-- Opening Marker --
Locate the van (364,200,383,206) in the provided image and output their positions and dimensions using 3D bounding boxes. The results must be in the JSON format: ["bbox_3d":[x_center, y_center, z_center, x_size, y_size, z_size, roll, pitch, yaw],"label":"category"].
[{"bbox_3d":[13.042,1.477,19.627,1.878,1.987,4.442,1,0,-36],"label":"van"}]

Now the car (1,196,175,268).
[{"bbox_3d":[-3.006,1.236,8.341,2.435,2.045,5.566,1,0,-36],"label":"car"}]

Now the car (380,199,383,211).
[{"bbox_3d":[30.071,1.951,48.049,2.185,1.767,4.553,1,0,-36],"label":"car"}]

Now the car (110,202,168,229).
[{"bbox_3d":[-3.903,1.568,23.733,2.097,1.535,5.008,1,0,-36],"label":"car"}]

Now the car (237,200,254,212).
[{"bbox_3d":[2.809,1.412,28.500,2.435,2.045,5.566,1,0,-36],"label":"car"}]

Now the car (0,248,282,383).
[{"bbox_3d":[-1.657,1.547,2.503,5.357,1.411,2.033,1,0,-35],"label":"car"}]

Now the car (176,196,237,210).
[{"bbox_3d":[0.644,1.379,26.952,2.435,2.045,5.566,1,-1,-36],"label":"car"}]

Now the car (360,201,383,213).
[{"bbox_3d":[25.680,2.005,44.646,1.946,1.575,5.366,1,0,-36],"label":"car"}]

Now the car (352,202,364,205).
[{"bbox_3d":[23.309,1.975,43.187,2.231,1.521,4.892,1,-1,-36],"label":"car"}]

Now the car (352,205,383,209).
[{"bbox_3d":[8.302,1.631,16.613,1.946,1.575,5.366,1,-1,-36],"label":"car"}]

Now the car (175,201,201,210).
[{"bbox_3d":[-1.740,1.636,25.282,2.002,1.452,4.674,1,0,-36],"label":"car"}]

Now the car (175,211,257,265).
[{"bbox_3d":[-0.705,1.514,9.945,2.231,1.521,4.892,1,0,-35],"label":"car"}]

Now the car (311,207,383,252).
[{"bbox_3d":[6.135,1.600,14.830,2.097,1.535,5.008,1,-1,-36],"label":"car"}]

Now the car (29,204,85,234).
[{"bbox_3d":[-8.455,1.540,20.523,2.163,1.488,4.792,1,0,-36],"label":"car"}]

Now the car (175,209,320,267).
-- Closing Marker --
- TASK STATEMENT -
Your task is to reproduce the full listing exactly.

- SOLUTION FOR THIS TASK -
Locate the van (364,200,383,206) in the provided image and output their positions and dimensions using 3D bounding boxes. The results must be in the JSON format: ["bbox_3d":[x_center, y_center, z_center, x_size, y_size, z_size, roll, pitch, yaw],"label":"category"].
[{"bbox_3d":[13.042,1.477,19.627,1.878,1.987,4.442,1,0,-36],"label":"van"}]

Now the car (1,196,175,268).
[{"bbox_3d":[-3.006,1.236,8.341,2.435,2.045,5.566,1,0,-36],"label":"car"}]

Now the car (380,199,383,211).
[{"bbox_3d":[30.071,1.951,48.049,2.185,1.767,4.553,1,0,-36],"label":"car"}]

Now the car (110,202,168,229).
[{"bbox_3d":[-3.903,1.568,23.733,2.097,1.535,5.008,1,0,-36],"label":"car"}]

Now the car (237,200,254,212).
[{"bbox_3d":[2.809,1.412,28.500,2.435,2.045,5.566,1,0,-36],"label":"car"}]

Now the car (0,248,282,383).
[{"bbox_3d":[-1.657,1.547,2.503,5.357,1.411,2.033,1,0,-35],"label":"car"}]

Now the car (176,196,237,210).
[{"bbox_3d":[0.644,1.379,26.952,2.435,2.045,5.566,1,-1,-36],"label":"car"}]

Now the car (360,201,383,213).
[{"bbox_3d":[25.680,2.005,44.646,1.946,1.575,5.366,1,0,-36],"label":"car"}]

Now the car (352,202,364,205).
[{"bbox_3d":[23.309,1.975,43.187,2.231,1.521,4.892,1,-1,-36],"label":"car"}]

Now the car (352,205,383,209).
[{"bbox_3d":[8.302,1.631,16.613,1.946,1.575,5.366,1,-1,-36],"label":"car"}]

Now the car (175,201,201,210).
[{"bbox_3d":[-1.740,1.636,25.282,2.002,1.452,4.674,1,0,-36],"label":"car"}]

Now the car (175,211,257,265).
[{"bbox_3d":[-0.705,1.514,9.945,2.231,1.521,4.892,1,0,-35],"label":"car"}]

Now the car (311,207,383,252).
[{"bbox_3d":[6.135,1.600,14.830,2.097,1.535,5.008,1,-1,-36],"label":"car"}]

Now the car (29,204,85,234).
[{"bbox_3d":[-8.455,1.540,20.523,2.163,1.488,4.792,1,0,-36],"label":"car"}]

Now the car (175,209,320,267).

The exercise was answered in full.